# safetensors conversion

Llama tensors are serialized in `safetensors` format. For Llama 3 1B model, the tensors are encoded in `bfloat16`.

`bfloat16` cannot be used on CPU, we need to convert them to `float32`. `bfloat16`s are just tuncated `float32`s : the lower bits of the exponent are truncated.

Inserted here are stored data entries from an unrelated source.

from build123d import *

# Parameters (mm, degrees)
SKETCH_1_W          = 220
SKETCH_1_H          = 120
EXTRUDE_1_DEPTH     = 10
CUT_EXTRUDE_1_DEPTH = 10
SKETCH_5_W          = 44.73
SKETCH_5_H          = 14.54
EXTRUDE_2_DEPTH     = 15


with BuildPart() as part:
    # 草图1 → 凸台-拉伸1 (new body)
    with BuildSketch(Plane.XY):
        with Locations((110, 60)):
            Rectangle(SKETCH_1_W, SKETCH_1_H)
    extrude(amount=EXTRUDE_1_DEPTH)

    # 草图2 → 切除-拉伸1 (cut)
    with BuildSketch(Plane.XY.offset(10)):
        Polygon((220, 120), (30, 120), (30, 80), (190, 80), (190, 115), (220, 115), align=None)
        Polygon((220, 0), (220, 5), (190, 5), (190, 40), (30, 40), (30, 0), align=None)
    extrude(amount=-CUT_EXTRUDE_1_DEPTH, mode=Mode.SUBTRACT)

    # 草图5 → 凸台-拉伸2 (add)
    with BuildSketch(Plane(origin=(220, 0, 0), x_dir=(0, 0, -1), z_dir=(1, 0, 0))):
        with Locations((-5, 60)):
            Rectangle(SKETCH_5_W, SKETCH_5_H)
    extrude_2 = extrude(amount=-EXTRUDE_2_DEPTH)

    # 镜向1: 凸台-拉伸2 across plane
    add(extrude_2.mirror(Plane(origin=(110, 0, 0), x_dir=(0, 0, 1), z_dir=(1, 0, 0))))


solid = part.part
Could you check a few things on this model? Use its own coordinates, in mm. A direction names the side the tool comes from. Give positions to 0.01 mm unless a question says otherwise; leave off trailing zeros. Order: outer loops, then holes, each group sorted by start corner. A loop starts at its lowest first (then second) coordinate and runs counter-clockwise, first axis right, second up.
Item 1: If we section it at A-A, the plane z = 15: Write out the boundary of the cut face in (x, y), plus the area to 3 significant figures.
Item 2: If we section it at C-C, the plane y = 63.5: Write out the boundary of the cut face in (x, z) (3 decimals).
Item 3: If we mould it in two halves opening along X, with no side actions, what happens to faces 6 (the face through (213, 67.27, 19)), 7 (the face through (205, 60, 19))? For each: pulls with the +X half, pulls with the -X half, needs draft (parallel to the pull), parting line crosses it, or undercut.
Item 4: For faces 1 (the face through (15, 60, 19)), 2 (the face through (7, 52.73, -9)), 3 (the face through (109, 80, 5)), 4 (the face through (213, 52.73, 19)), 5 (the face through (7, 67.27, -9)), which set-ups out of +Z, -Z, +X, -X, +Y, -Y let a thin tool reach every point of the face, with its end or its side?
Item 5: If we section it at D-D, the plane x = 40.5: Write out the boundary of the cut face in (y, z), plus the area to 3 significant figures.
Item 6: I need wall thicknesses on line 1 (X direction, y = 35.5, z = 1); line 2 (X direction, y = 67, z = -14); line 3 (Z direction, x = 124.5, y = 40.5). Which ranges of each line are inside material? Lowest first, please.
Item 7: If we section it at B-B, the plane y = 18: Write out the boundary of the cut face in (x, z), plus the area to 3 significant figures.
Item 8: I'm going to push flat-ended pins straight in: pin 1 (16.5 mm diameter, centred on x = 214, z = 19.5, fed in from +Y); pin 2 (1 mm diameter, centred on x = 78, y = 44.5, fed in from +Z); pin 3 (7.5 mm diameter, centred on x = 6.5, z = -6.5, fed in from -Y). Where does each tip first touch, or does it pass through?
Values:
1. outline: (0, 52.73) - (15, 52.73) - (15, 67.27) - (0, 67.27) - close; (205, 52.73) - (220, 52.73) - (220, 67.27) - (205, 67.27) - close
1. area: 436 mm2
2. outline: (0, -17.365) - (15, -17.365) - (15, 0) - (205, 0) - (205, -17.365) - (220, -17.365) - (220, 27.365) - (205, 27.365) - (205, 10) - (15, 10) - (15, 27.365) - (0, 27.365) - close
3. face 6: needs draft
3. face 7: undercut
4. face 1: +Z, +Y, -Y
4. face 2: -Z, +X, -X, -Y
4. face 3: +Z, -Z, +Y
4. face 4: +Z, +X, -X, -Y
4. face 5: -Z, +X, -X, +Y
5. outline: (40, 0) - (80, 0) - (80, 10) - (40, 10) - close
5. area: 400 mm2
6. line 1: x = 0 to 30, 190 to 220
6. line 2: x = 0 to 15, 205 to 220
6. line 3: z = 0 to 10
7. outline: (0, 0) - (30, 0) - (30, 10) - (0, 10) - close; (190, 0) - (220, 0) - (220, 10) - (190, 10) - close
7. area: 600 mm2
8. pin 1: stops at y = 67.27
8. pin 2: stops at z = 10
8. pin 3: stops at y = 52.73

We will simply pad each `bfloat16` with two `0` bytes and cast the result to `float32`.

In [22]:
!pip install numpy



In [23]:
required_files = [
    "https://huggingface.co/meta-llama/Llama-3.2-1B/resolve/main/model.safetensors"
]


import urllib.request
from pathlib import Path

for required_file in required_files:
    local_file = required_file.split("/")[-1]
    if not Path(local_file).exists():
        with open("HF_TOKEN") as f:
            HF_TOKEN = f.read()

        display(f"Downloading {local_file}")

        opener = urllib.request.build_opener()
        opener.addheaders = [("Authorization", f"Bearer {HF_TOKEN}")]
        urllib.request.install_opener(opener)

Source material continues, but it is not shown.